Insert 36A [to page 36, before "exceptions" section]:
The variable annuity payment options are described in detail in a separate prospectus, which is available upon request and which
will be provided to you if and when you elect one of the variable annuity payment options. The separate prospectus sets forth the
fees and charges under the variable payment option, which may be higher than those set forth in this prospectus.
Insert 52A [replacement introduction to "What Types of Annuity Options are Available" on page 52]:
We currently make available annuity options that provide fixed annuity payments, variable annuity payments or adjustable annuity
payments. Your contract provides certain fixed annuity payment options. We currently offer variable annuity payment options,
which are provided by exchanging the deferred annuity contract described in this prospectus for a separate contract issued as an
annuity settlement option and described in a separate prospectus. The variable annuity payment options are described in detail in
a separate prospectus, which is available upon request and which will be provided to you if and when you elect one of the variable
annuity payment options. The separate prospectus sets forth the fees and charges under the variable payment option, which may be
higher than those set forth in this prospectus. We do not guarantee to continue to make available variable annuity payment
options or any other option other than the fixed annuity payment options set forth in your contract.

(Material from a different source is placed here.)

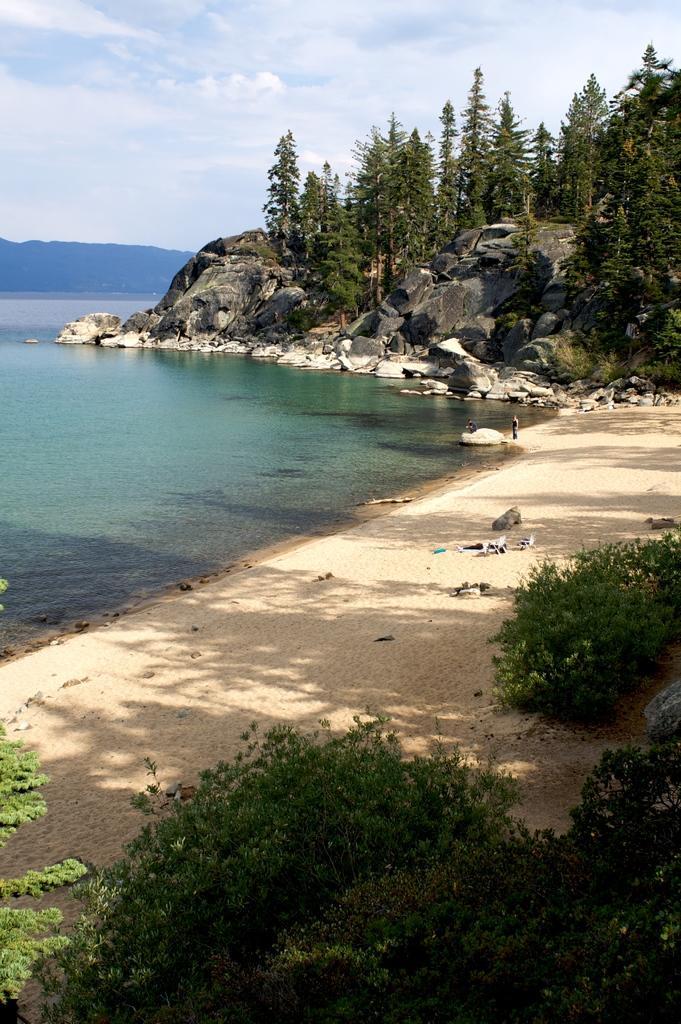How would you summarize this image in a sentence or two? At the bottom of this image, there are trees and plants on the ground. In the background, there is water, there are persons on the sand surface, there are mountains and there are clouds in the sky.

Insert 53A [insert on page 53 before "How and When Do I Choose the Annuity Payment Option?" section]:
We do not guarantee to continue to make available variable annuity payment options or any other option other than the fixed
annuity payment options set forth in your contract.
Insert 54A [new sentence under "Variable Annuity Payments" on page 54]:
There is no guarantee that we will continue to make available variable annuity payment options.